**Activity**:
Could you set down exactly the lines in the records below between the line holding "- small box (735, 585, 970, 829)" and the line holding "Fill in this", inclusive?

**Records for this task**:

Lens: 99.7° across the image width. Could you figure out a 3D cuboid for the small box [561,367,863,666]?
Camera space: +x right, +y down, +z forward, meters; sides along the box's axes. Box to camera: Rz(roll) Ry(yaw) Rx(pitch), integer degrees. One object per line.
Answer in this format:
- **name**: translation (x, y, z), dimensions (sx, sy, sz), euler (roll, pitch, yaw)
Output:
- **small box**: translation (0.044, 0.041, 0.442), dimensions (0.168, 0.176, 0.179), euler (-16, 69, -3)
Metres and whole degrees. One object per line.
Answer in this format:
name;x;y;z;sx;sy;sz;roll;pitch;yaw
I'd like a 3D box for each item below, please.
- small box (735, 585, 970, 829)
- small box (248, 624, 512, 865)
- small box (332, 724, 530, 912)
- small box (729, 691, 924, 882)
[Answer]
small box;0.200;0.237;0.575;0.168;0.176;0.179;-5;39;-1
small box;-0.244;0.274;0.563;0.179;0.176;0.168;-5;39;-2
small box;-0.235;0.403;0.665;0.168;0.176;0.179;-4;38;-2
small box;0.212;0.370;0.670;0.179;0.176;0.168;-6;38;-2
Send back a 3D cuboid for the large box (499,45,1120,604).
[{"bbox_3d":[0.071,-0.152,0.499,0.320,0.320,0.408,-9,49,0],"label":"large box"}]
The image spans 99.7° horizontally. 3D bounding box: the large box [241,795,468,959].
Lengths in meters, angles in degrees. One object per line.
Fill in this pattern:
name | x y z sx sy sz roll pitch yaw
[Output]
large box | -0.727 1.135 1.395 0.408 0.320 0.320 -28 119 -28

**Response to this task**:
- small box (735, 585, 970, 829)
- small box (248, 624, 512, 865)
- small box (332, 724, 530, 912)
- small box (729, 691, 924, 882)
[Answer]
small box;0.200;0.237;0.575;0.168;0.176;0.179;-5;39;-1
small box;-0.244;0.274;0.563;0.179;0.176;0.168;-5;39;-2
small box;-0.235;0.403;0.665;0.168;0.176;0.179;-4;38;-2
small box;0.212;0.370;0.670;0.179;0.176;0.168;-6;38;-2
Send back a 3D cuboid for the large box (499,45,1120,604).
[{"bbox_3d":[0.071,-0.152,0.499,0.320,0.320,0.408,-9,49,0],"label":"large box"}]
The image spans 99.7° horizontally. 3D bounding box: the large box [241,795,468,959].
Lengths in meters, angles in degrees. One object per line.
Fill in this pattern:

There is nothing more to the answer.